*** DATASET EXTRACT Section Begins ***
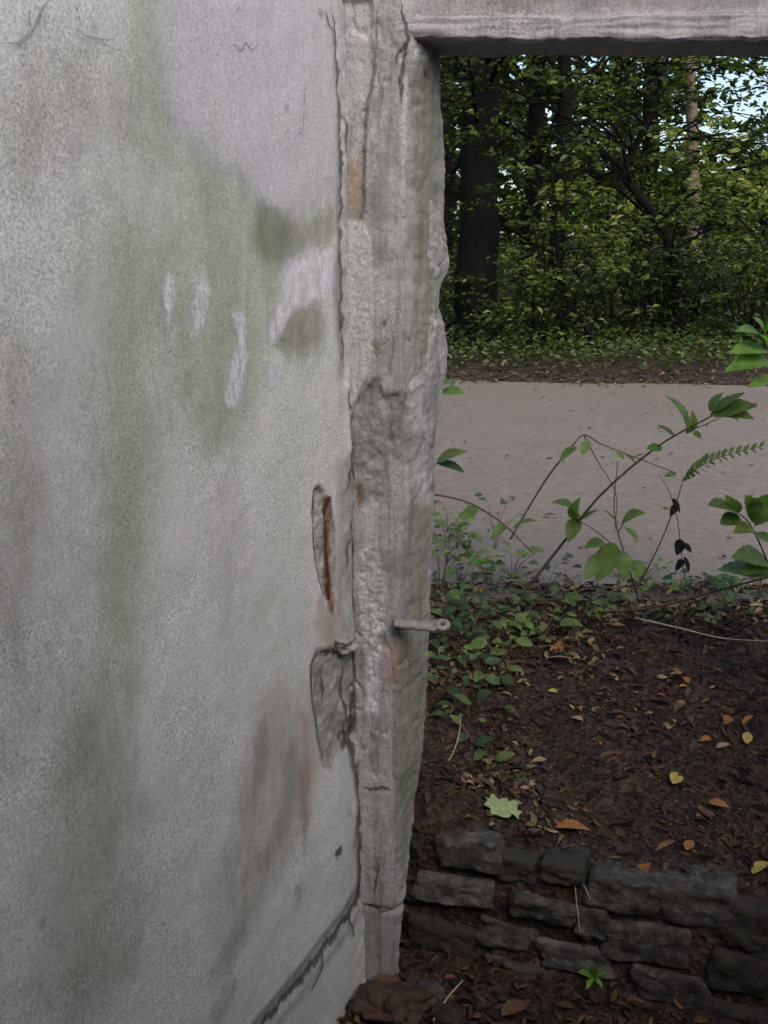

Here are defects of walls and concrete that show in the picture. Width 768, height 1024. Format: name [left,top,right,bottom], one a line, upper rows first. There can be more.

crack [3,5,46,44]
crack [325,1,410,420]
spalling [312,486,336,611]
crack [346,454,355,577]
crack [261,655,390,1024]
*** DATASET EXTRACT Section Ends ***
▸ TRY IT
I'd like every record above written out again exactly, without the pictures.

▸ OUTPUT BELOW
Here are defects of walls and concrete that show in the picture. Width 768, height 1024. Format: name [left,top,right,bottom], one a line, upper rows first. There can be more.

crack [3,5,46,44]
crack [325,1,410,420]
spalling [312,486,336,611]
crack [346,454,355,577]
crack [261,655,390,1024]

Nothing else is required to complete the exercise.